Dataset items
================

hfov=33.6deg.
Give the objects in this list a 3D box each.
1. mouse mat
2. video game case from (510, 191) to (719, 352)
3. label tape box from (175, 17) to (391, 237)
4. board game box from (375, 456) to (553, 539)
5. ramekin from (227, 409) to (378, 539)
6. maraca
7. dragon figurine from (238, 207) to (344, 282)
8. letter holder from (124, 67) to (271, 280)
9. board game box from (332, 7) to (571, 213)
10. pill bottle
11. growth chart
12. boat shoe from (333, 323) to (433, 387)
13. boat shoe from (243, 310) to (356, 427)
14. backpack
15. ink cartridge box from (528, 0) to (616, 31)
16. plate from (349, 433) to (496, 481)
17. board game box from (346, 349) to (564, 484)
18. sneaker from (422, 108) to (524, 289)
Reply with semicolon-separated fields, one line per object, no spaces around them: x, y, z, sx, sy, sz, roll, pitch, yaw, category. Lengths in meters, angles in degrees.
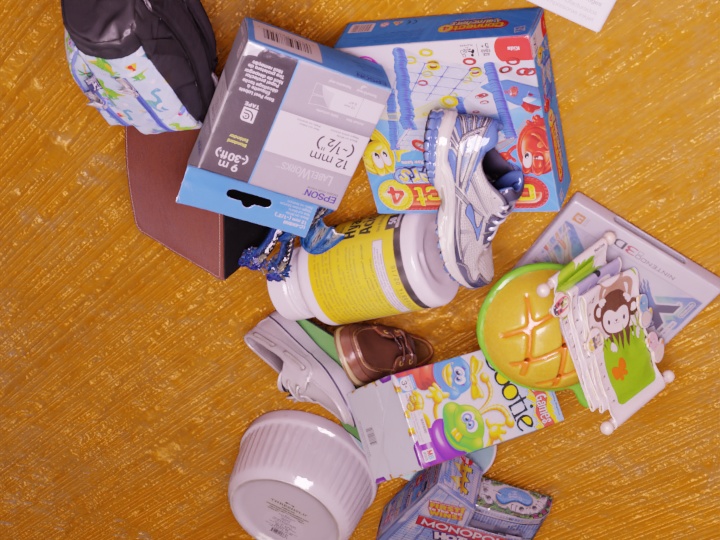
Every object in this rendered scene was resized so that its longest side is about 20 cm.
-0.023;0.139;1.436;0.161;0.008;0.201;27;144;59;mouse mat
0.255;0.029;1.286;0.182;0.022;0.200;31;134;-4;video game case
-0.076;-0.118;1.127;0.143;0.066;0.200;16;116;-19;label tape box
0.134;0.309;1.526;0.199;0.062;0.200;16;142;2;board game box
-0.083;0.294;1.606;0.199;0.105;0.201;12;133;13;ramekin
0.213;0.069;1.253;0.200;0.107;0.137;27;104;-20;maraca
-0.053;-0.054;1.252;0.059;0.100;0.200;23;147;-35;dragon figurine
-0.171;-0.116;1.291;0.142;0.101;0.201;27;136;22;letter holder
0.093;-0.152;1.177;0.199;0.056;0.196;0;128;23;board game box
0.000;0.000;1.310;0.199;0.111;0.111;-13;123;31;pill bottle
0.254;0.062;1.211;0.018;0.145;0.200;0;123;50;growth chart
0.028;0.089;1.350;0.067;0.200;0.072;-22;76;17;boat shoe
-0.068;0.123;1.407;0.200;0.066;0.072;46;159;33;boat shoe
-0.201;-0.213;1.106;0.153;0.164;0.200;-15;152;22;backpack
0.175;-0.325;0.929;0.145;0.145;0.200;25;133;2;ink cartridge box
0.077;0.197;1.508;0.199;0.026;0.201;13;133;14;plate
0.105;0.150;1.308;0.103;0.199;0.105;-31;75;55;board game box
0.117;-0.063;1.154;0.085;0.077;0.201;-1;129;18;sneaker
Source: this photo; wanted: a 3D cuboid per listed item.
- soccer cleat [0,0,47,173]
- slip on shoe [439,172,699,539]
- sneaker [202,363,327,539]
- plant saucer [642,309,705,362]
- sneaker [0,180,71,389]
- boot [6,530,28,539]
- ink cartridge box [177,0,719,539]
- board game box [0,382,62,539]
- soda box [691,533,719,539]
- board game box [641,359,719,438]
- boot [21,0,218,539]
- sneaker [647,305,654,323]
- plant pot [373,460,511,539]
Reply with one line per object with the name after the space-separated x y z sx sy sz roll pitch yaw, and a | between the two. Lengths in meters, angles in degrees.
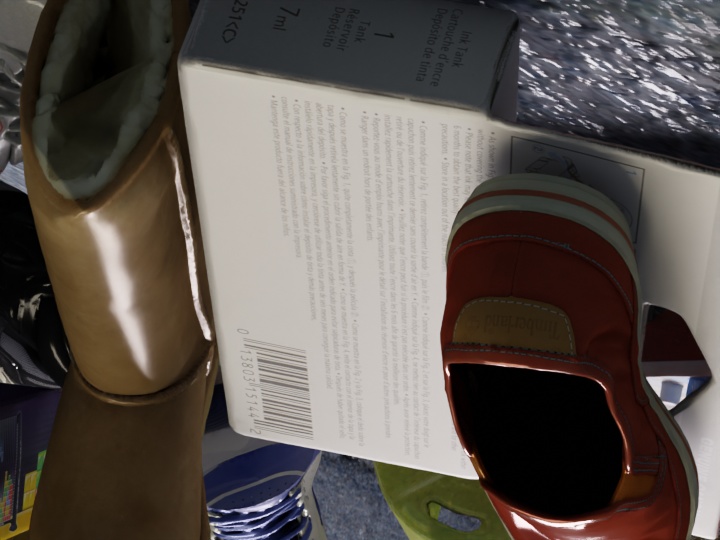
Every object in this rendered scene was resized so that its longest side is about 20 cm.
-0.133 -0.075 0.823 0.068 0.086 0.200 24 173 -14 | soccer cleat
0.059 0.054 0.665 0.074 0.062 0.201 5 146 17 | slip on shoe
-0.044 0.103 1.005 0.080 0.116 0.199 -14 -176 -6 | sneaker
0.203 0.055 0.869 0.199 0.037 0.200 14 172 12 | plant saucer
-0.112 0.032 0.966 0.113 0.076 0.200 24 167 24 | sneaker
-0.191 0.071 0.957 0.174 0.066 0.200 2 -144 -36 | boot
0.039 0.001 0.693 0.175 0.045 0.201 12 146 10 | ink cartridge box
-0.215 0.066 0.779 0.164 0.057 0.200 5 -177 11 | board game box
0.163 0.110 0.995 0.068 0.064 0.199 33 -153 29 | soda box
0.159 0.073 0.824 0.199 0.026 0.200 17 169 -24 | board game box
-0.086 0.022 0.746 0.066 0.176 0.200 2 150 0 | boot
0.036 -0.011 0.812 0.199 0.076 0.115 28 175 -17 | sneaker
0.096 0.106 1.107 0.199 0.201 0.184 19 165 28 | plant pot
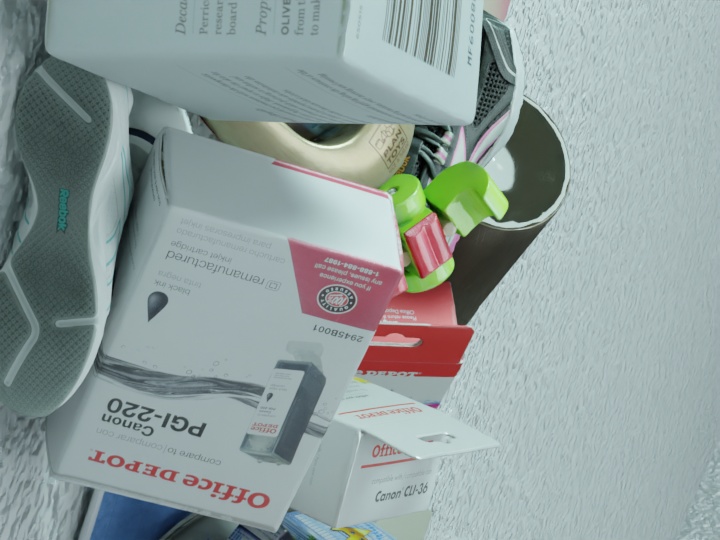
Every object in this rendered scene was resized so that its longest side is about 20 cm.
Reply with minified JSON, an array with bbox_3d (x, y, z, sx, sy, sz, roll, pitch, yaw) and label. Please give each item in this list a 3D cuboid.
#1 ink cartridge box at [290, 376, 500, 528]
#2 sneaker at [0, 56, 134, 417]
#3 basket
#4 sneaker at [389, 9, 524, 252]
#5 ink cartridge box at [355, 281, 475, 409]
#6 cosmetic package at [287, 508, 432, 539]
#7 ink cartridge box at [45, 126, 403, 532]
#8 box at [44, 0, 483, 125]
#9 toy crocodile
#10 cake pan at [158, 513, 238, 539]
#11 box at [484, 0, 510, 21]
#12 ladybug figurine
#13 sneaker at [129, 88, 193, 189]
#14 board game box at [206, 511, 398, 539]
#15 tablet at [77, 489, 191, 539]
[{"bbox_3d":[-0.026,0.106,1.571,0.116,0.199,0.068,-3,111,-58],"label":"ink cartridge box"},{"bbox_3d":[-0.155,-0.018,1.370,0.080,0.070,0.201,-19,123,-74],"label":"sneaker"},{"bbox_3d":[0.057,-0.038,1.778,0.180,0.136,0.200,-33,172,-30],"label":"basket"},{"bbox_3d":[0.043,-0.073,1.592,0.086,0.080,0.201,-29,136,-64],"label":"sneaker"},{"bbox_3d":[-0.002,0.063,1.742,0.200,0.116,0.068,115,-28,-54],"label":"ink cartridge box"},{"bbox_3d":[-0.018,0.185,1.949,0.200,0.105,0.071,53,56,-68],"label":"cosmetic package"},{"bbox_3d":[-0.080,0.038,1.424,0.085,0.145,0.201,-99,-150,-53],"label":"ink cartridge box"},{"bbox_3d":[-0.041,-0.188,1.325,0.199,0.170,0.201,16,77,-67],"label":"box"},{"bbox_3d":[0.000,0.000,1.531,0.199,0.062,0.068,-30,119,-12],"label":"toy crocodile"},{"bbox_3d":[-0.110,0.245,1.697,0.200,0.037,0.201,-38,146,-31],"label":"cake pan"},{"bbox_3d":[0.048,-0.222,1.784,0.128,0.108,0.201,34,73,-73],"label":"box"},{"bbox_3d":[-0.047,-0.122,1.512,0.200,0.072,0.136,45,65,-29],"label":"ladybug figurine"},{"bbox_3d":[-0.116,-0.028,1.494,0.201,0.076,0.081,89,13,-47],"label":"sneaker"},{"bbox_3d":[-0.068,0.225,1.638,0.200,0.062,0.200,-52,152,-11],"label":"board game box"},{"bbox_3d":[-0.123,0.104,1.625,0.130,0.014,0.201,10,100,-60],"label":"tablet"}]
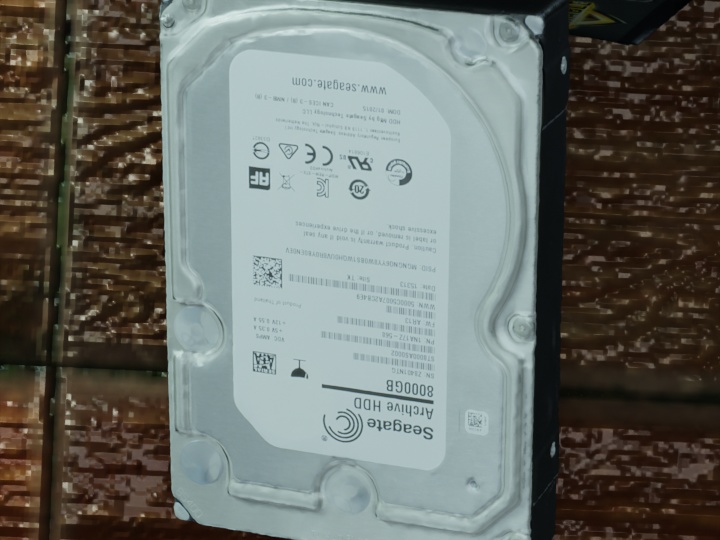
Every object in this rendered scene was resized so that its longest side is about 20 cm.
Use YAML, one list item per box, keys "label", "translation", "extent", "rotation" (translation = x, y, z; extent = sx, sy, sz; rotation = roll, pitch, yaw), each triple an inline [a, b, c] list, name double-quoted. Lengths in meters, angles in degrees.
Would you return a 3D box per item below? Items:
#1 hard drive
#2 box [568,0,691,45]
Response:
- label: "hard drive"
  translation: [0.000, 0.000, 0.890]
  extent: [0.139, 0.038, 0.201]
  rotation: [8, 111, 19]
- label: "box"
  translation: [0.036, -0.121, 0.838]
  extent: [0.158, 0.200, 0.046]
  rotation: [9, 86, -5]

================

● **ASSIGNED TASK**
If a line in the records contains the word "meters", copy it out.

● **RESULT BELOW**
Reply with semicolon-separated fields, one line per object, no spaces around them: x, y, z, sx, sy, sz, roll, pitch, yaw, category. Lengths in meters, angles in degrees.
Reply with one line per object with the name after the space-separated x y z sx sy sz roll pitch yaw, and a | between the two. Lengths in meters, angles in degrees.
Use YAML, one list item per box, keys "label", "translation", "extent", "rotation" (translation = x, y, z; extent = sx, sy, sz; rotation = roll, pitch, yaw), each triple an inline [a, b, c] list, name double-quoted. Lengths in meters, angles in degrees.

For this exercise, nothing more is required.